December 14, 2010

Every rule I'm breaking, the risk that I'm takin'.

So when I'm reading a book, or reading anything for that matter, I let myself stare hard and long enough at the pages till eventually, the spaces in the words on the page eventually makes a pattern. And it's unique for every single page. Try it, Just stare at the page, till your gaze goes blurry, and you'll notice how the spaces between the words, and the beginning to new paragraphs, all the blanks make a pattern. And they're shapes, and sometimes they form new words. It's really fascinating. I wonder if they're trying to tell us something? Nobody can really be that smart, can they? No. I wonder.

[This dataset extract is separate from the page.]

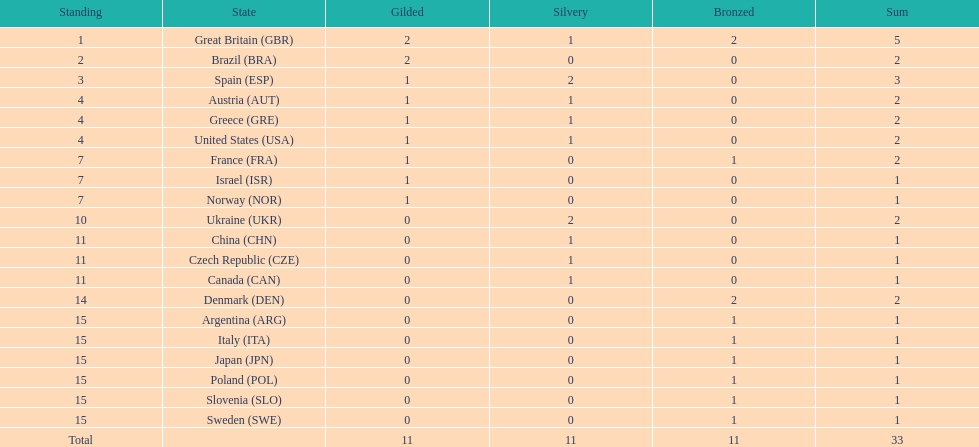What country had the most medals? Great Britain.

So there's still too much happening. It's never calm. There's rarely a moment where I'm chilling with myself, doing nothing, and there is not one thing on my mind that is bothering me. There is always a nagging feeling about something that is worrying me, or something that I need to do which I'm delaying, or something that can't get off my mind. Some people, some incidents, some whatstheirnames. Why can't I just switch my mind off when I wish to? I don't mind being completely dumb for a couple of minutes, if it's giving me peace.
I read somewhere, or heard someone say [I can't remember] that if we handed everyone in the world a joint and we all lit it at the same time, maybe, just maybe we could achieve world peace for those fifteen minutes. Really. Just trip on your own thoughts and actions and look deeper.
I try to focus on ONE thing, but I really end up feeling so A.D.D. So lost, and confused.
The year's almost come to an end, and how. I can safely say this year's been the most eventful year of my life, hands down. It has also been the worst. I've met way too many people, and too many of them have hurt me, and maybe I've hurt a few of them, because these things work both ways. I've made too many mistakes. I've passed opinions and judgements. I've fought and argued. I've lied, a little. Okay, maybe a lot. But specifically. I cried a lot, too. Over things I couldn't imagine I would ever cry about. I gave someone everything and got nothing in return. I played all my cards wrong. I saw way too many people falling in love, and out of it. I saw people die, and I met new people who changed me. I love the ones who made me feel special.
I'm still unable to think of 'love' or say those three words without feeling guilty/unsure/scared/insecure/embarassed. In that sense, of course.
2011, I'm welcoming you with open arms. I won't let you down if you don't let me down, either. Pinky promise.